HEeeyah .... haaa .... hee haaaaa .... haaaaa .... heee ......
throats getting sore.
so .... maybe Fast Company should slow down and start testing for the presence of controlled substances in their contributors blood/urine stream? soooo.... Dell has fostered an atmosphere of innovation? and everyone is copying the iPod? .... ahem .... so my question to Fast Company and John What'sHisFace is....
ARE YOU FREAKIN' BLIND???!@!@!!!!
the sad thing is there just aren't enough hours in the day to sufficiently ridicule the writer of this article or the organization that thought they should waste precious space on their server by allowing this nonsense to be posted on their site.

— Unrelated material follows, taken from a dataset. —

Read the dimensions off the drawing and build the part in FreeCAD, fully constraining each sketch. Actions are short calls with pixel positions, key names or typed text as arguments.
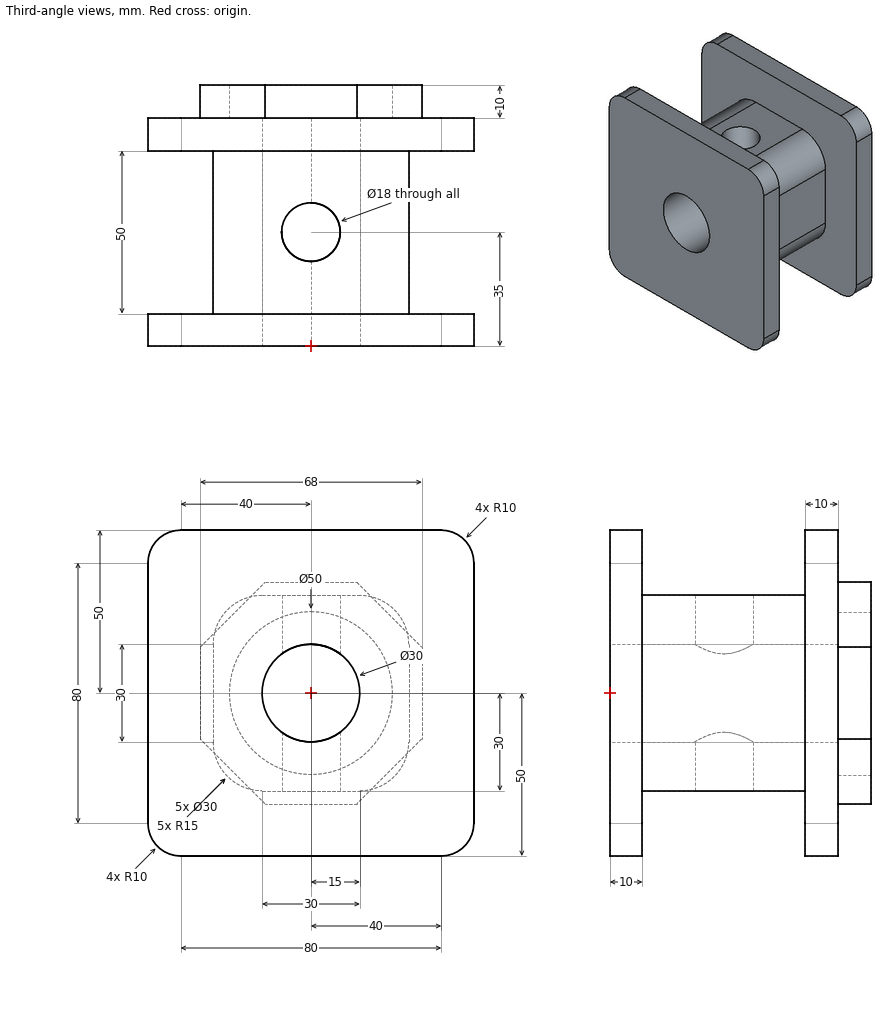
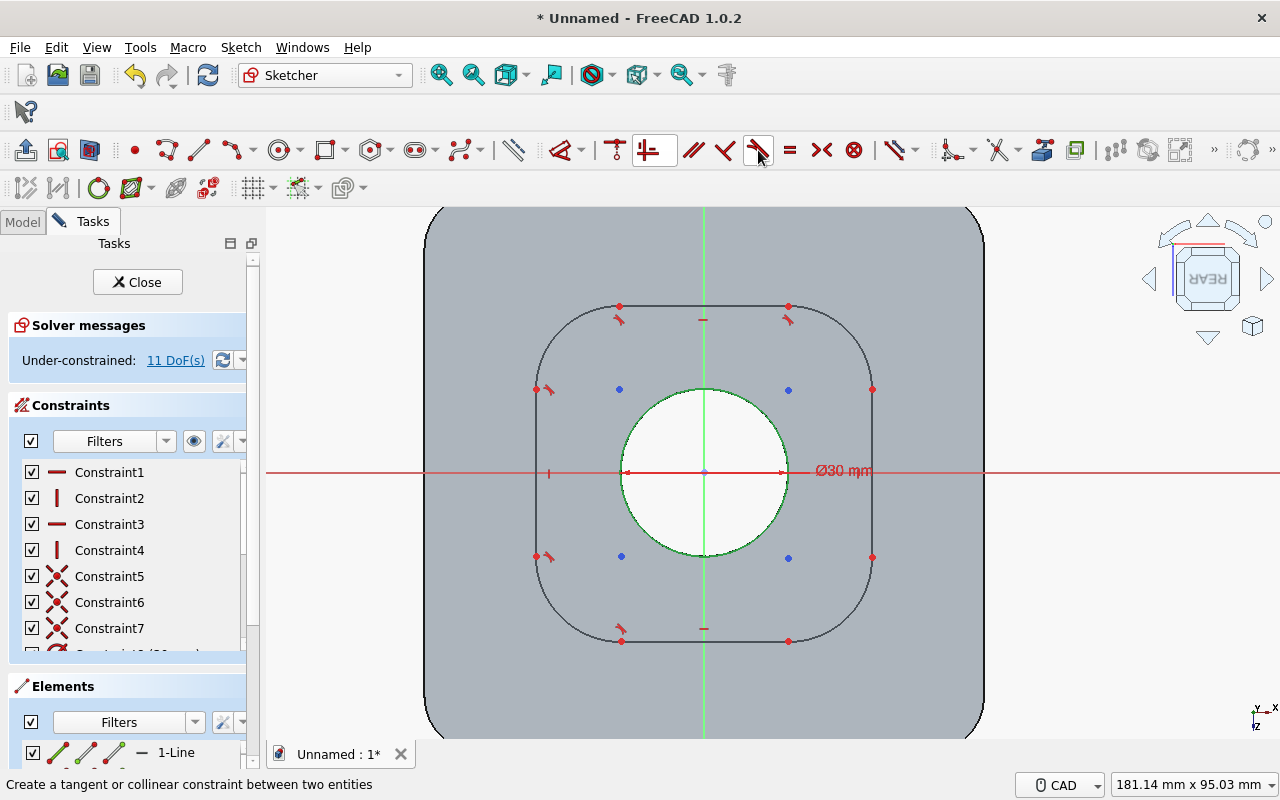
click(671, 642)

analogy: these folks remind me of the kids in high school who didn't get invited to the "cool party", showed up late (and uninvited), and when no one talked to them started raising a stink about how much the party sucks. then they went to one of their houses and proceeded to evangelize how much everyone at the part sucked. and through their vast underground of similarly uncool people .... they hatch a slur campaign to avenge their not getting invited to the "Cool Party". but the joke is .... since no one likes these kids (because all they do is bitch and moan), they go largely ignored. or completely ignored. its been a long time since high school. and i'm not sure that was technically an analogy either. that may have been an example. but ...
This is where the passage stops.